Dogged Sale bring an end to unbeaten Exeter start to season
Sale maintained their fine unbeaten start to the Gallagher Premiership season with a dogged 28-20 victory over in-form Exeter. Joe Carpenter’s try on his Premiership debut plus scores from captain Ben Curry and Akker van der Merwe sealed the first victory for the Sharks over Exeter in five and ended the Chiefs’ own unbeaten start to the season.
Tries from skipper Luke Cowan-Dickie and Sam Maunder were not enough for the Chiefs, who rued their missed opportunities and were denied a losing bonus point when Henry Slade’s long-range penalty attempt at the death fell short.
Exeter made a fast start at the AJ Bell Stadium as flying wing Olly Woodburn made early inroads as the visitors wasted no time in trying to continue their good form which had seen them win three on the spin. The Chiefs had their powerful pack to thank for the first try as England hooker Cowan-Dickie drove over a rolling maul from a well-worked lineout.

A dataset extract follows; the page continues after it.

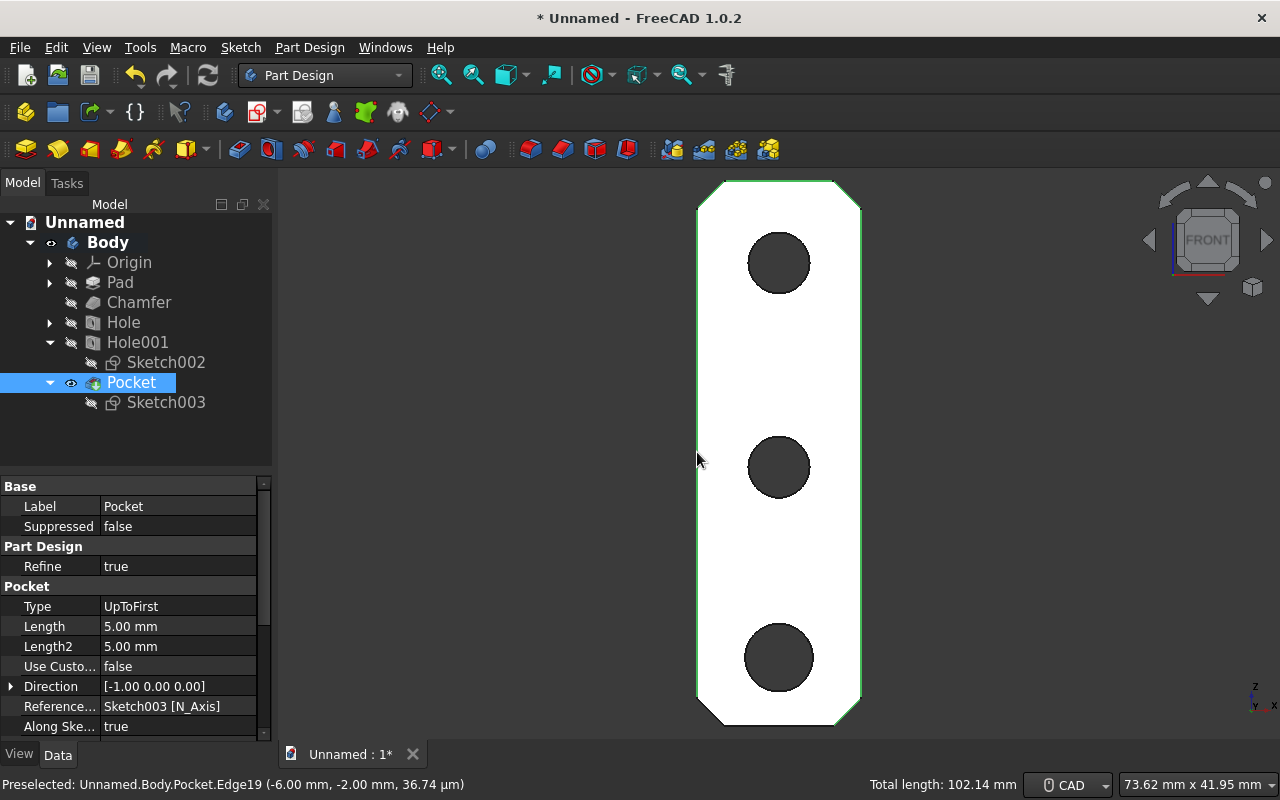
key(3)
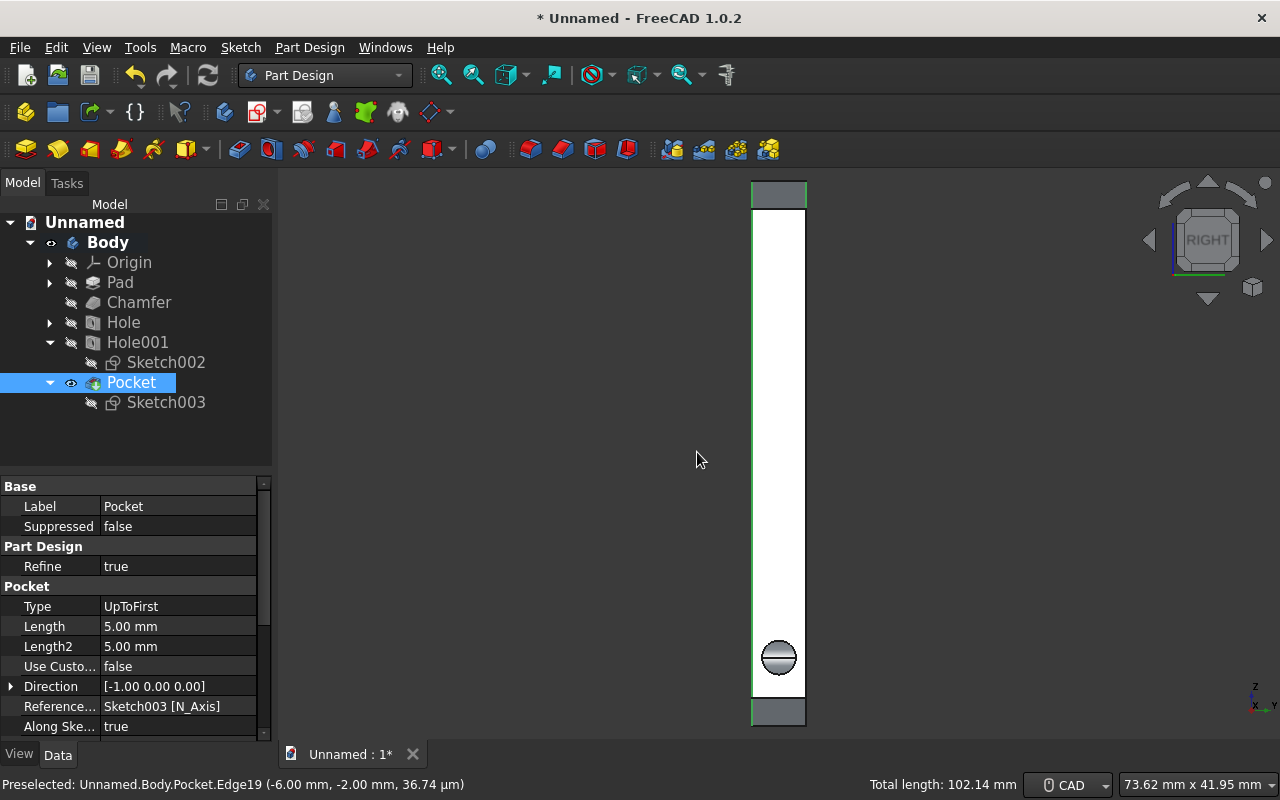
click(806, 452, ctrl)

Scotland captain Stuart Hogg, returning for his first Premiership start of the season, made a scintillating line break and threatened a quickfire second Exeter try before Sale recovered with desperate scramble defence. The on-song Chiefs were forcing Sale backwards in the early stages with star centre Manu Tuilagi restricted to few touches by an intense, coordinated defence.
But the Sharks finally built momentum as fly-half Rob du Preez exchanged penalties with Exeter centre Slade midway through the first period. Ben Curry led by example after helping to pull the Sharks level at 10-10 with their own maul try just before half-time.
Curry was forced off with a knock early in the second half but the Sharks immediately built on his excellent work to take a deserved lead. Hooker van der Merwe touched down after another rampaging drive from a five-metre lineout, but the away side responded in style with a superbly-worked try with the dangerous Woodburn once again in the action.
He found a gap after a sustained Exeter attack and fed replacement scrum-half Maunder, on in the first half for the injured Stu Townsend, to finish. Slade’s conversion levelled the scores once more and Exeter looked destined to score again just moments later before Hogg knocked on with the try line at his mercy.
The Chiefs were punished as Sale turned the screw, camping out in the opposition half with du Preez adding another penalty before full-back Carpenter went over in the corner to build a 25-17 lead. Slade’s boot reduced the deficit to five for the visitors to set up a grandstand finish, but du Preez calmed late nerves with a penalty to seal an impressive win for the Sharks.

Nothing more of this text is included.